╭─ SUPPLIED RECORDS

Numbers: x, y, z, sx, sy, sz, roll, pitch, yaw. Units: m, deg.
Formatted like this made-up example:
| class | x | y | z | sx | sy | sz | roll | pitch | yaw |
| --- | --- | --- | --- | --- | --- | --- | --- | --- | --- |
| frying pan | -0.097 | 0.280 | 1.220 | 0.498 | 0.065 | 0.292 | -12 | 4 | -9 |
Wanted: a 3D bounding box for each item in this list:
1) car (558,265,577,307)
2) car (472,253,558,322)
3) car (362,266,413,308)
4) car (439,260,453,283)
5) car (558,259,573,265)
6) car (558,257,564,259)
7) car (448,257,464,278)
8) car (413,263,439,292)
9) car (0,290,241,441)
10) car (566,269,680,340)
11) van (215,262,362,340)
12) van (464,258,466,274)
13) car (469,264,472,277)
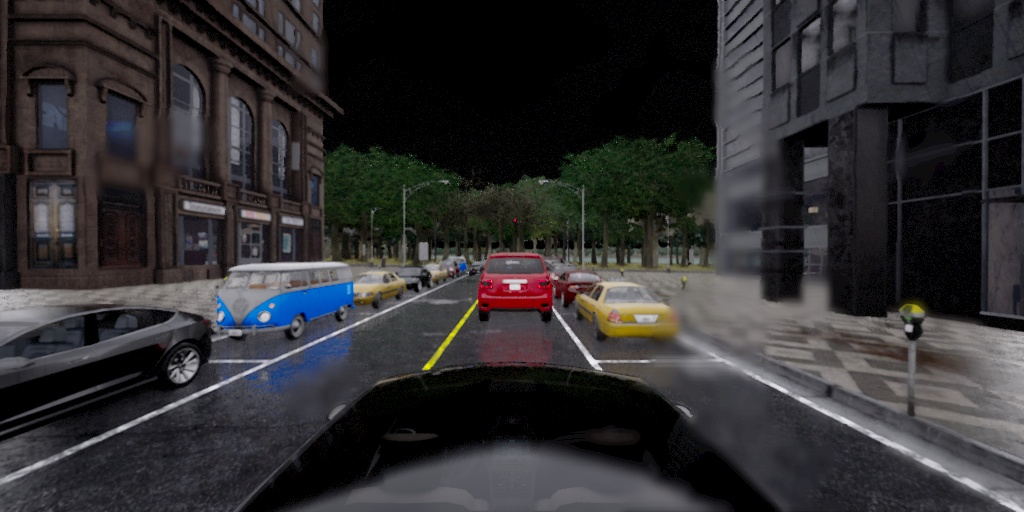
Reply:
| class | x | y | z | sx | sy | sz | roll | pitch | yaw |
| --- | --- | --- | --- | --- | --- | --- | --- | --- | --- |
| car | 2.783 | 1.246 | 14.978 | 1.888 | 1.381 | 4.507 | 0 | 0 | 0 |
| car | 0.113 | 0.930 | 12.227 | 2.150 | 2.045 | 5.566 | 0 | 0 | 1 |
| car | -5.743 | 1.227 | 14.824 | 1.751 | 1.417 | 4.829 | 0 | 0 | 0 |
| car | -5.724 | 1.189 | 25.699 | 1.751 | 1.417 | 4.829 | 0 | 0 | 0 |
| car | 2.792 | 1.121 | 20.415 | 1.967 | 1.591 | 4.097 | 0 | 0 | 0 |
| car | 2.802 | 0.977 | 25.853 | 2.192 | 1.841 | 5.009 | 0 | 0 | 0 |
| car | -5.714 | 1.085 | 31.306 | 1.967 | 1.591 | 4.097 | 0 | 0 | 0 |
| car | -5.733 | 1.248 | 20.431 | 1.948 | 1.339 | 4.313 | 0 | 0 | 0 |
| car | -5.762 | 1.307 | 4.118 | 1.948 | 1.339 | 4.313 | 0 | 0 | 0 |
| car | 2.773 | 1.246 | 9.710 | 1.751 | 1.417 | 4.829 | 0 | 0 | 0 |
| van | -5.752 | 1.062 | 9.556 | 1.690 | 1.789 | 3.998 | 0 | 0 | 0 |
| van | -5.704 | 0.967 | 36.743 | 1.690 | 1.789 | 3.998 | 0 | 0 | 0 |
| car | -2.946 | 1.135 | 34.120 | 1.837 | 1.490 | 4.892 | 0 | 0 | 0 |

╰─

Copy exactly the lines from the line that has "4) car (439,260,453,283)" through the last line of the entries above, inclusive, and no others. Pictures do not go in the copy.

*PROBLEM SOLUTION*
4) car (439,260,453,283)
5) car (558,259,573,265)
6) car (558,257,564,259)
7) car (448,257,464,278)
8) car (413,263,439,292)
9) car (0,290,241,441)
10) car (566,269,680,340)
11) van (215,262,362,340)
12) van (464,258,466,274)
13) car (469,264,472,277)
Reply:
| class | x | y | z | sx | sy | sz | roll | pitch | yaw |
| --- | --- | --- | --- | --- | --- | --- | --- | --- | --- |
| car | 2.783 | 1.246 | 14.978 | 1.888 | 1.381 | 4.507 | 0 | 0 | 0 |
| car | 0.113 | 0.930 | 12.227 | 2.150 | 2.045 | 5.566 | 0 | 0 | 1 |
| car | -5.743 | 1.227 | 14.824 | 1.751 | 1.417 | 4.829 | 0 | 0 | 0 |
| car | -5.724 | 1.189 | 25.699 | 1.751 | 1.417 | 4.829 | 0 | 0 | 0 |
| car | 2.792 | 1.121 | 20.415 | 1.967 | 1.591 | 4.097 | 0 | 0 | 0 |
| car | 2.802 | 0.977 | 25.853 | 2.192 | 1.841 | 5.009 | 0 | 0 | 0 |
| car | -5.714 | 1.085 | 31.306 | 1.967 | 1.591 | 4.097 | 0 | 0 | 0 |
| car | -5.733 | 1.248 | 20.431 | 1.948 | 1.339 | 4.313 | 0 | 0 | 0 |
| car | -5.762 | 1.307 | 4.118 | 1.948 | 1.339 | 4.313 | 0 | 0 | 0 |
| car | 2.773 | 1.246 | 9.710 | 1.751 | 1.417 | 4.829 | 0 | 0 | 0 |
| van | -5.752 | 1.062 | 9.556 | 1.690 | 1.789 | 3.998 | 0 | 0 | 0 |
| van | -5.704 | 0.967 | 36.743 | 1.690 | 1.789 | 3.998 | 0 | 0 | 0 |
| car | -2.946 | 1.135 | 34.120 | 1.837 | 1.490 | 4.892 | 0 | 0 | 0 |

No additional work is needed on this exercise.